=== Begin Enclosure ===

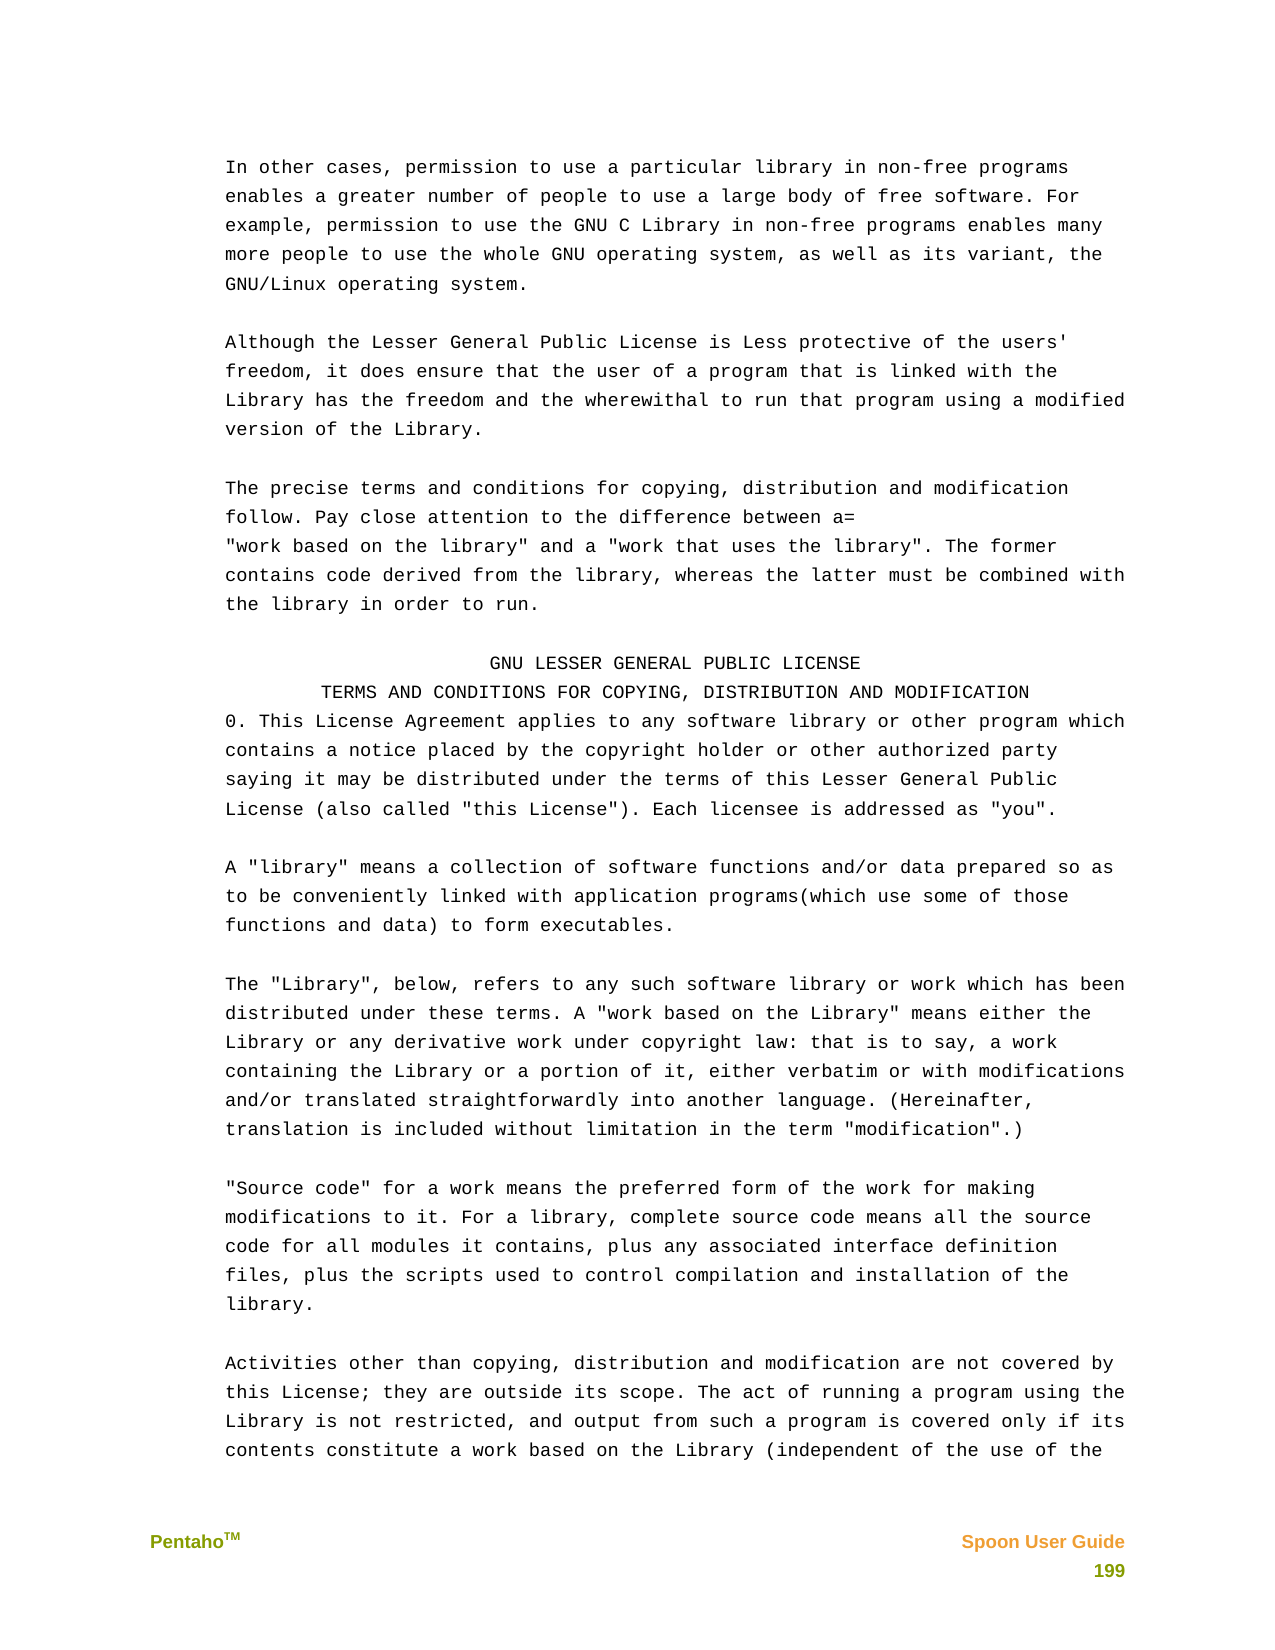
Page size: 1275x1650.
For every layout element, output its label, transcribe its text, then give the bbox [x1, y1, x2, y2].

text A "library" means a collection of software functions and/or data prepared so as to be conveniently linked with application programs(which use some of those functions and data) to form executables. [225, 850, 1125, 937]
text Activities other than copying, distribution and modification are not covered by this License; they are outside its scope. The act of running a program using the Library is not restricted, and output from such a program is covered only if its contents constitute a work based on the Library (independent of the use of the [225, 1346, 1125, 1462]
text The precise terms and conditions for copying, distribution and modification follow. Pay close attention to the difference between a= [225, 471, 1125, 529]
text In other cases, permission to use a particular library in non-free programs enables a greater number of people to use a large body of free software. For example, permission to use the GNU C Library in non-free programs enables many more people to use the whole GNU operating system, as well as its variant, the GNU/Linux operating system. [225, 150, 1125, 296]
text TERMS AND CONDITIONS FOR COPYING, DISTRIBUTION AND MODIFICATION [225, 675, 1125, 704]
text The "Library", below, refers to any such software library or work which has been distributed under these terms. A "work based on the Library" means either the Library or any derivative work under copyright law: that is to say, a work containing the Library or a portion of it, either verbatim or with modifications and/or translated straightforwardly into another language. (Hereinafter, translation is included without limitation in the term "modification".) [225, 967, 1125, 1142]
text GNU LESSER GENERAL PUBLIC LICENSE [225, 646, 1125, 675]
text "Source code" for a work means the preferred form of the work for making modifications to it. For a library, complete source code means all the source code for all modules it contains, plus any associated interface definition files, plus the scripts used to control compilation and installation of the library. [225, 1171, 1125, 1317]
text Although the Lesser General Public License is Less protective of the users' freedom, it does ensure that the user of a program that is linked with the Library has the freedom and the wherewithal to run that program using a modified version of the Library. [225, 325, 1125, 442]
text 0. This License Agreement applies to any software library or other program which contains a notice placed by the copyright holder or other authorized party saying it may be distributed under the terms of this Lesser General Public License (also called "this License"). Each licensee is addressed as "you". [225, 704, 1125, 821]
text "work based on the library" and a "work that uses the library". The former contains code derived from the library, whereas the latter must be combined with the library in order to run. [225, 529, 1125, 617]

=== End Enclosure ===

[WHAT TO WORK ON]: Beginning at the line with "text In other" and stopping after the line with "text TERMS AND", please write out every line of the data above exactly and nothing else.

[ANSWER AREA]:
text In other cases, permission to use a particular library in non-free programs enables a greater number of people to use a large body of free software. For example, permission to use the GNU C Library in non-free programs enables many more people to use the whole GNU operating system, as well as its variant, the GNU/Linux operating system. [225, 150, 1125, 296]
text TERMS AND CONDITIONS FOR COPYING, DISTRIBUTION AND MODIFICATION [225, 675, 1125, 704]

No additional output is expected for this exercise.